Repeat word for word the lines from the one containing "Job type: 3D cuboid annotation" to the end of the material below, and leave all pictures out.

_____

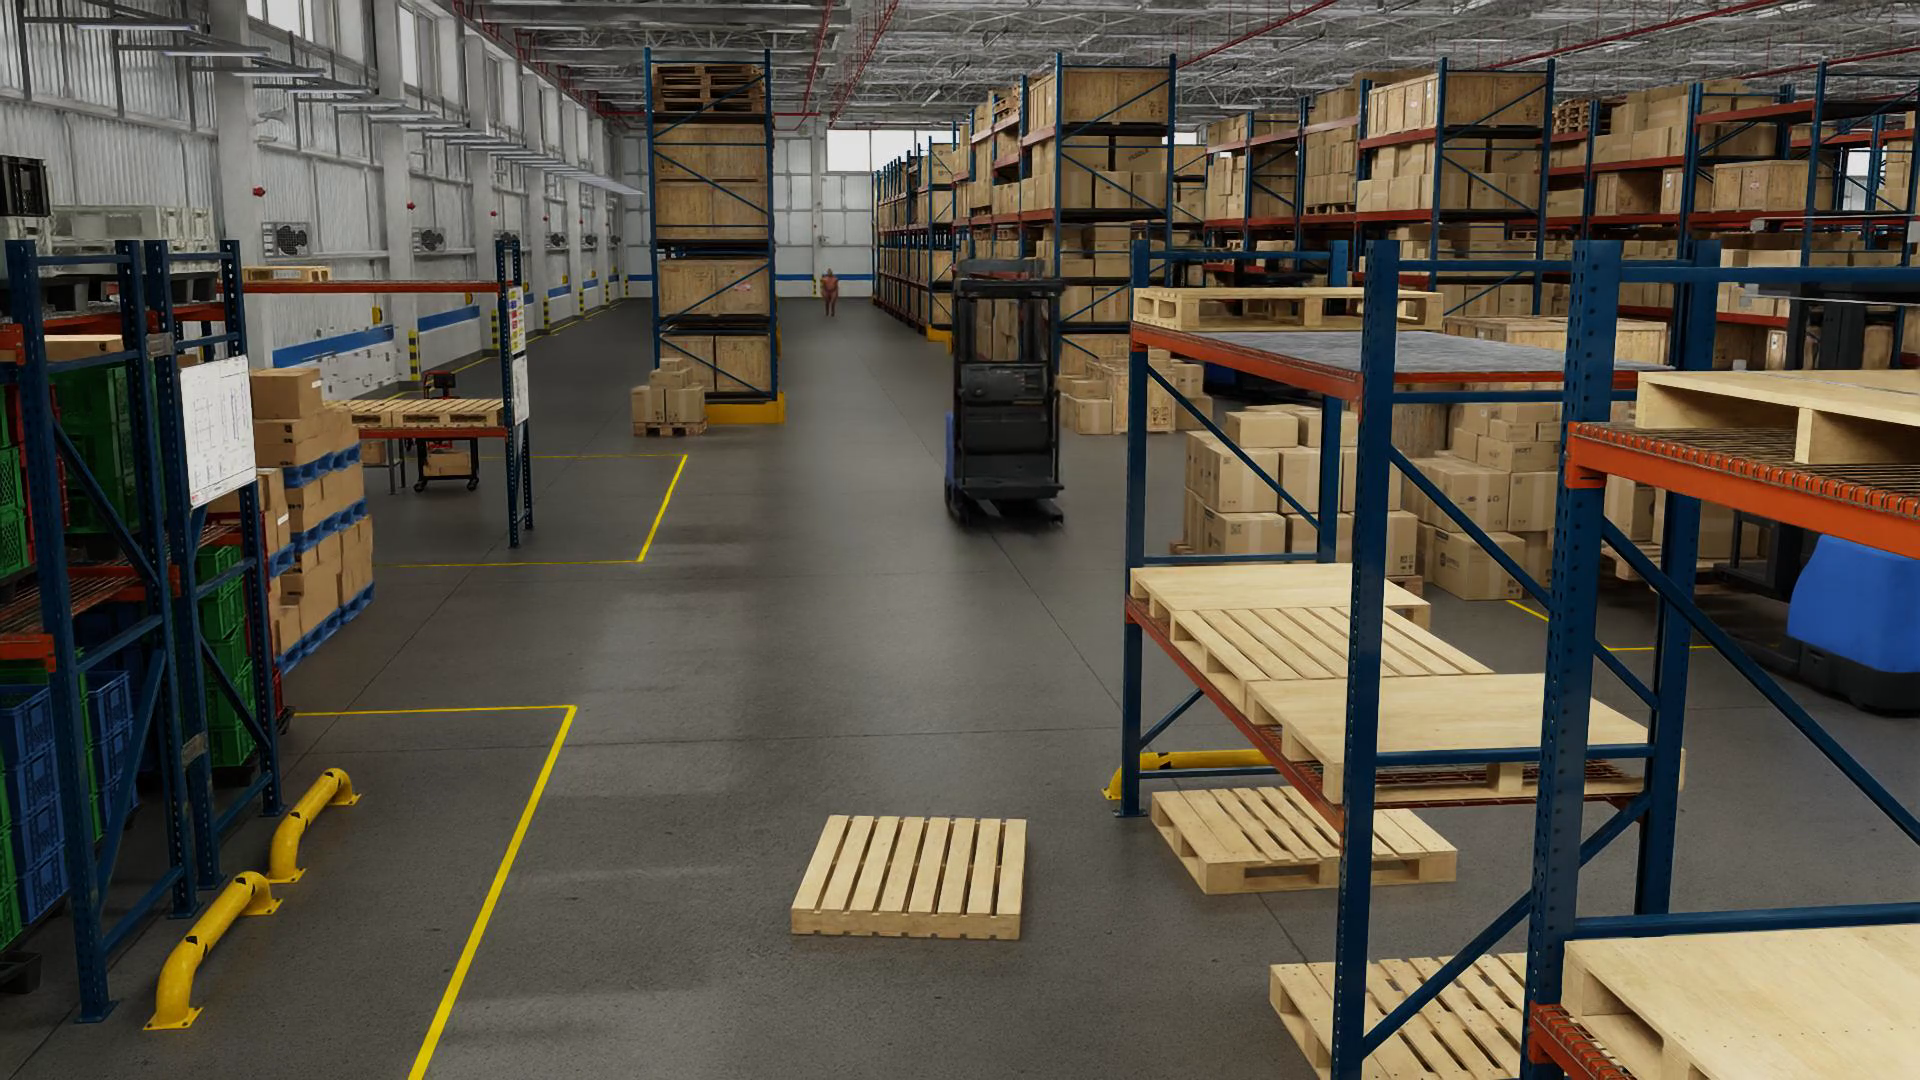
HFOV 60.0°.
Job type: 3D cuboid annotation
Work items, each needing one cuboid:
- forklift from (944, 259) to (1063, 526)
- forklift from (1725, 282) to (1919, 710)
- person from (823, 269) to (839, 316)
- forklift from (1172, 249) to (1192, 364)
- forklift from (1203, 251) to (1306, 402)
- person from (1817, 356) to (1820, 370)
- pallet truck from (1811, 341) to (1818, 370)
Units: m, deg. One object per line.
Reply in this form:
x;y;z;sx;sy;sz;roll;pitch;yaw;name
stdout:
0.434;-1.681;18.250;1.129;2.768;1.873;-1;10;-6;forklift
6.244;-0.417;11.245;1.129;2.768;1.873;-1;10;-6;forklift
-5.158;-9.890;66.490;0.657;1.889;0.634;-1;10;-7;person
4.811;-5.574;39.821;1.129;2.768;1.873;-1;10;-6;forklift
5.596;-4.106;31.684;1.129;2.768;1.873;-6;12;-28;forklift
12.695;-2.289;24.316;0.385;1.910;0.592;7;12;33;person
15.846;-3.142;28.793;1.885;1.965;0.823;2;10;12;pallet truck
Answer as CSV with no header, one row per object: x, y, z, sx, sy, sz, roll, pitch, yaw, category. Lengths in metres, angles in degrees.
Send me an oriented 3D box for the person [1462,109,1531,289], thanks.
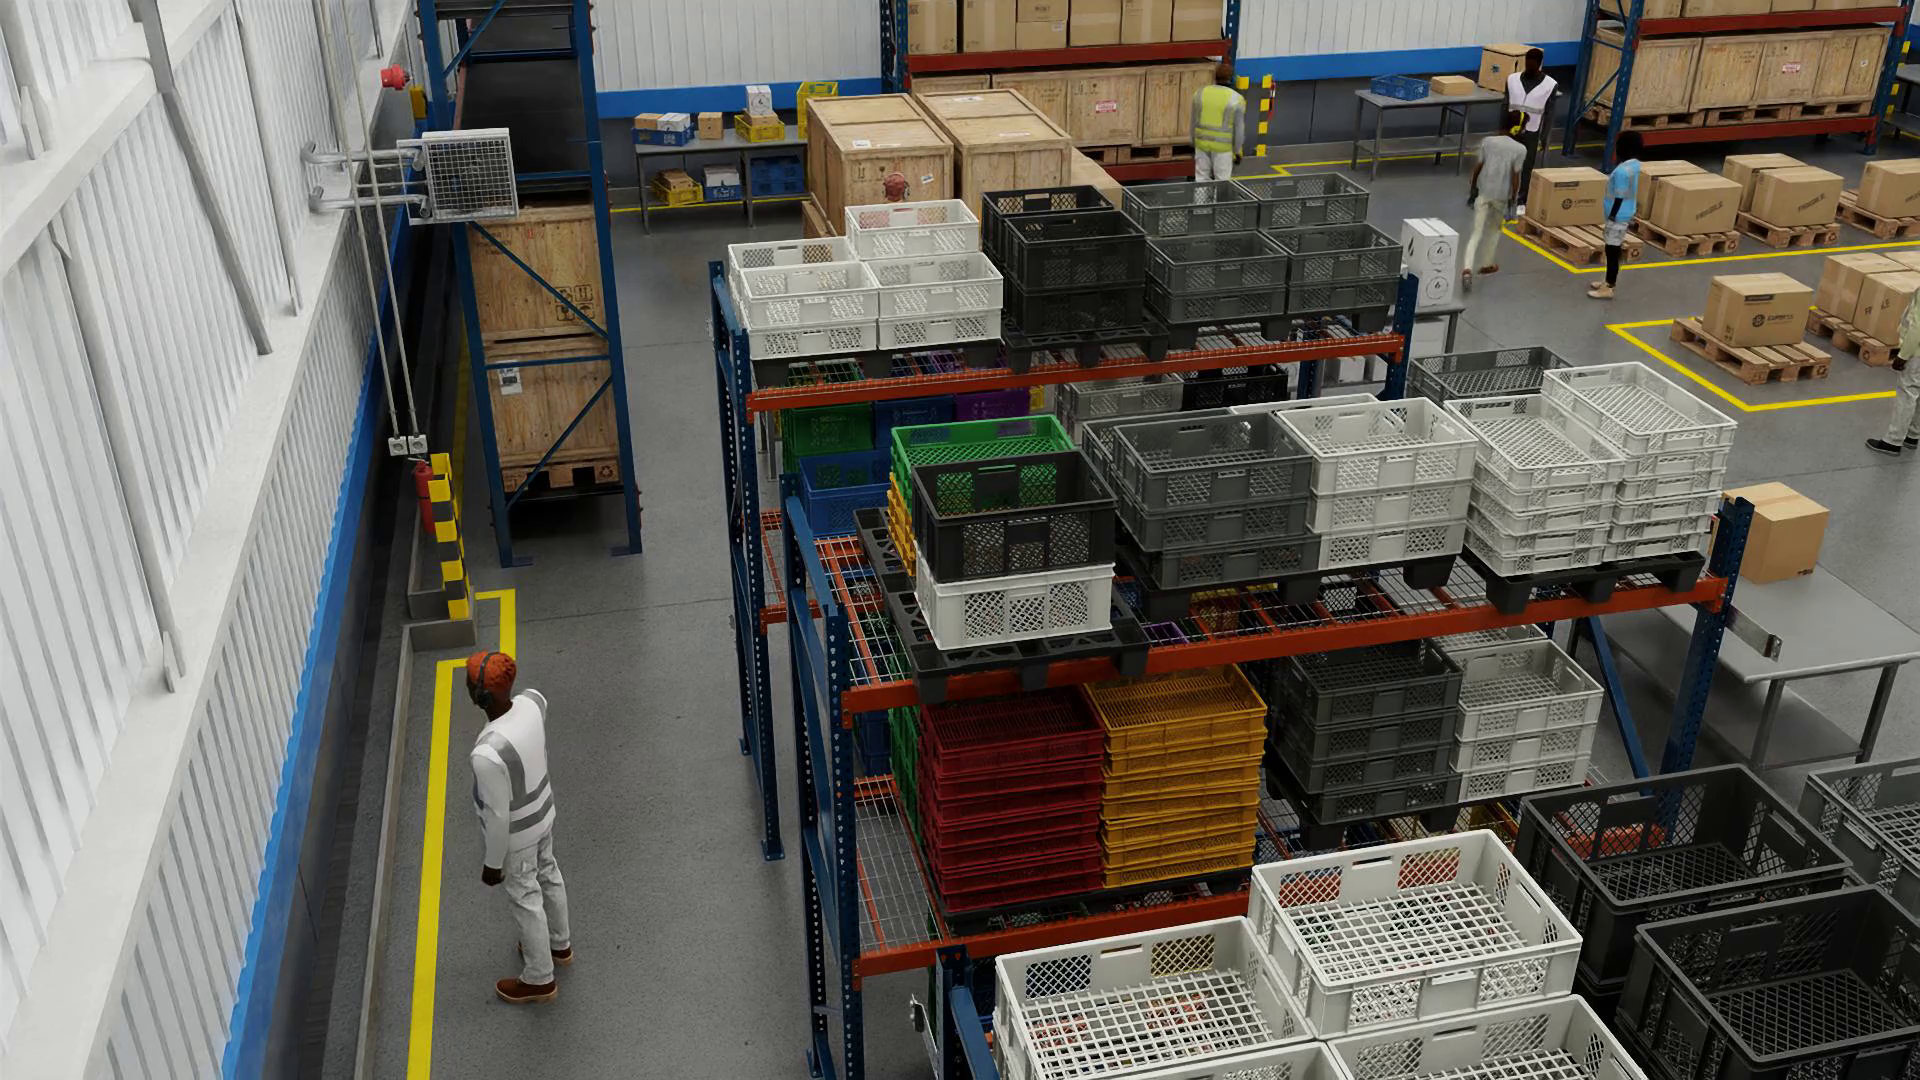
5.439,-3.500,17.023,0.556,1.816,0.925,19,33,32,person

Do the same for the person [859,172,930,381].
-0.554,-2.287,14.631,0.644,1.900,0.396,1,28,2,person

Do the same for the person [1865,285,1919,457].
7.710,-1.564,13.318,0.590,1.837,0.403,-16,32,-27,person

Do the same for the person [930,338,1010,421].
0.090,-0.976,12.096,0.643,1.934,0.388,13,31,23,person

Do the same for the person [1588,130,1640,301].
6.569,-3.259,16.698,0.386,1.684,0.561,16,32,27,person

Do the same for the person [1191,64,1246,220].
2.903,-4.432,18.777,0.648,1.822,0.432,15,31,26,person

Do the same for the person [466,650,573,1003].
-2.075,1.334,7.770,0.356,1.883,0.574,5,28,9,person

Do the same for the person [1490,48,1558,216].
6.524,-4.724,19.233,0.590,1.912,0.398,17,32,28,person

_____

• **Completed exercise**:
Job type: 3D cuboid annotation
Work items, each needing one cuboid:
- forklift from (944, 259) to (1063, 526)
- forklift from (1725, 282) to (1919, 710)
- person from (823, 269) to (839, 316)
- forklift from (1172, 249) to (1192, 364)
- forklift from (1203, 251) to (1306, 402)
- person from (1817, 356) to (1820, 370)
- pallet truck from (1811, 341) to (1818, 370)
Units: m, deg. One object per line.
Reply in this form:
x;y;z;sx;sy;sz;roll;pitch;yaw;name
stdout:
0.434;-1.681;18.250;1.129;2.768;1.873;-1;10;-6;forklift
6.244;-0.417;11.245;1.129;2.768;1.873;-1;10;-6;forklift
-5.158;-9.890;66.490;0.657;1.889;0.634;-1;10;-7;person
4.811;-5.574;39.821;1.129;2.768;1.873;-1;10;-6;forklift
5.596;-4.106;31.684;1.129;2.768;1.873;-6;12;-28;forklift
12.695;-2.289;24.316;0.385;1.910;0.592;7;12;33;person
15.846;-3.142;28.793;1.885;1.965;0.823;2;10;12;pallet truck
Answer as CSV with no header, one row per object: x, y, z, sx, sy, sz, roll, pitch, yaw, category. Lengths in metres, angles in degrees.
Send me an oriented 3D box for the person [1462,109,1531,289], thanks.
5.439,-3.500,17.023,0.556,1.816,0.925,19,33,32,person

Do the same for the person [859,172,930,381].
-0.554,-2.287,14.631,0.644,1.900,0.396,1,28,2,person

Do the same for the person [1865,285,1919,457].
7.710,-1.564,13.318,0.590,1.837,0.403,-16,32,-27,person

Do the same for the person [930,338,1010,421].
0.090,-0.976,12.096,0.643,1.934,0.388,13,31,23,person

Do the same for the person [1588,130,1640,301].
6.569,-3.259,16.698,0.386,1.684,0.561,16,32,27,person

Do the same for the person [1191,64,1246,220].
2.903,-4.432,18.777,0.648,1.822,0.432,15,31,26,person

Do the same for the person [466,650,573,1003].
-2.075,1.334,7.770,0.356,1.883,0.574,5,28,9,person

Do the same for the person [1490,48,1558,216].
6.524,-4.724,19.233,0.590,1.912,0.398,17,32,28,person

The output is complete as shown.